I'm here for two reasons: 1) to check out Ann Arbor and the University of Michigan campus as I'm applying to grad school here next year and 2) to attend the "AGAINST HEALTH" conference, a convening of some of the nation's (and world's - as we have several folks from Australia and Canada) most astute scholars working critically to problematize the category of "health."
As for number one, Ann Arbor is an incredibly charming little town that I could definitely see myself spending 5-6 years in working towards my PhD. They even have a gay bar, AutBar, which I actually have yet to check out (perhaps tonight?) and a gay dance club night (which I will be checking out tonight) at a bar called Necto.
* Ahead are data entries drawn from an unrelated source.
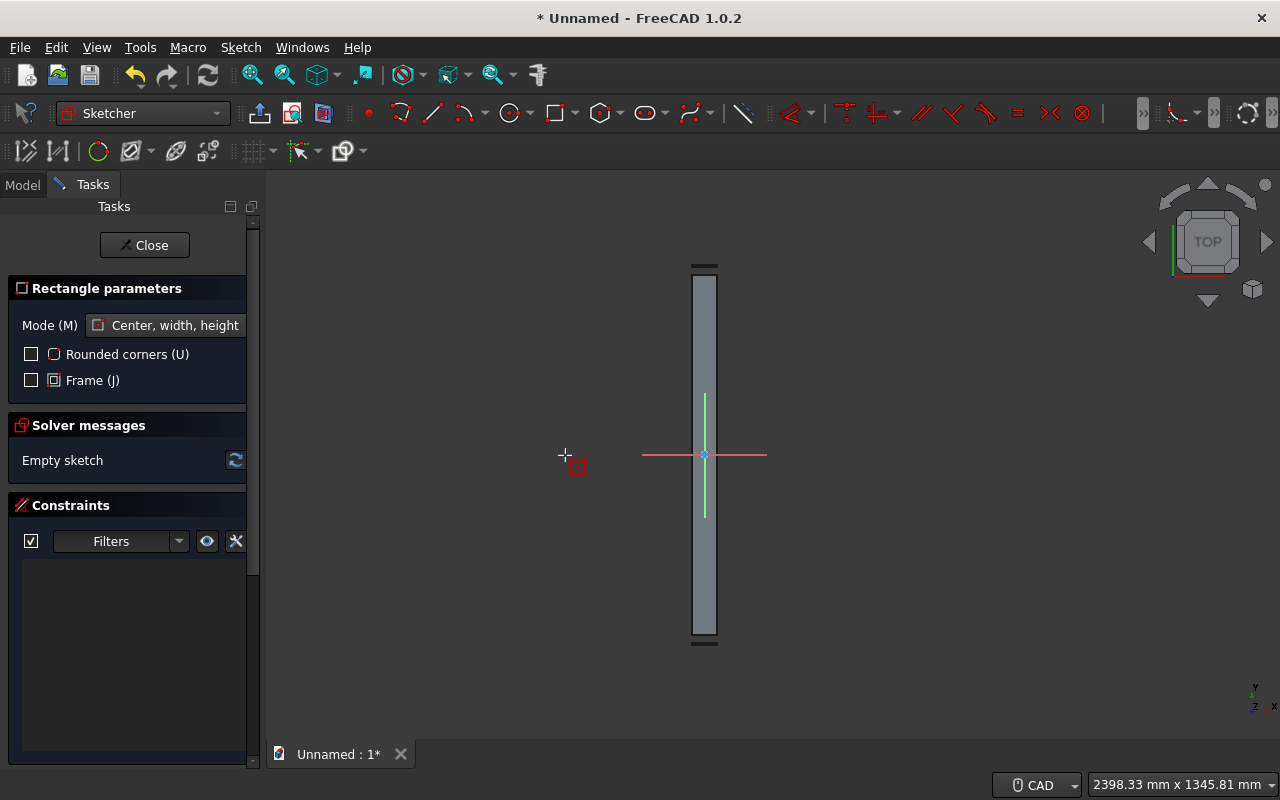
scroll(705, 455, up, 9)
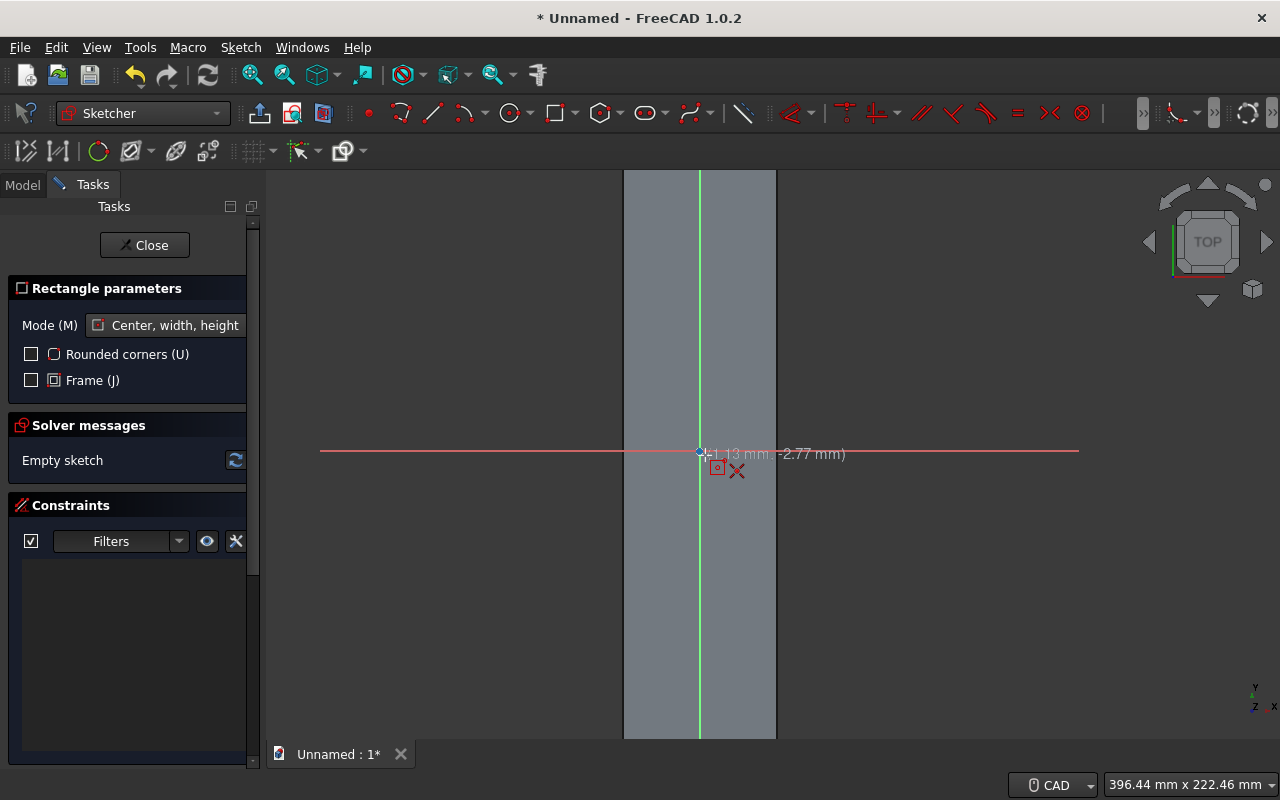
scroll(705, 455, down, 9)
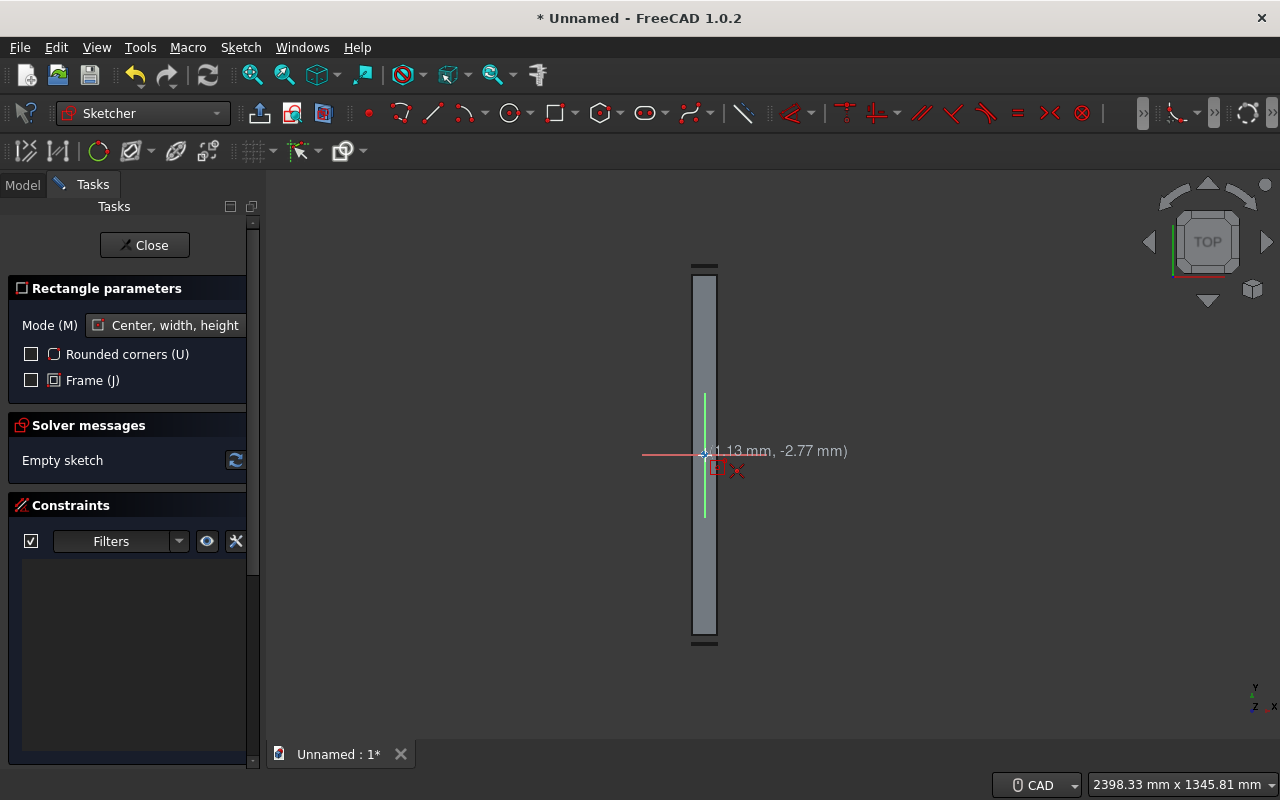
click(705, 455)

Slim pickings, but not too shabby for a small college town of its size. I've also met a few boys and found them quite hospitable ;)
As for number two, the academic environment here is unparalled. The number of faculty doing work on sexuality and gender is astounding - and many of them are superstars in that field (David Halperin, Gayle Rubin, etc.). I met with several graduate students in Sociology who all praised the university and program's level of support for sexuality-related work - which is key to surviving 5-6 years at an institution. All in all, I'm rather in love with the place.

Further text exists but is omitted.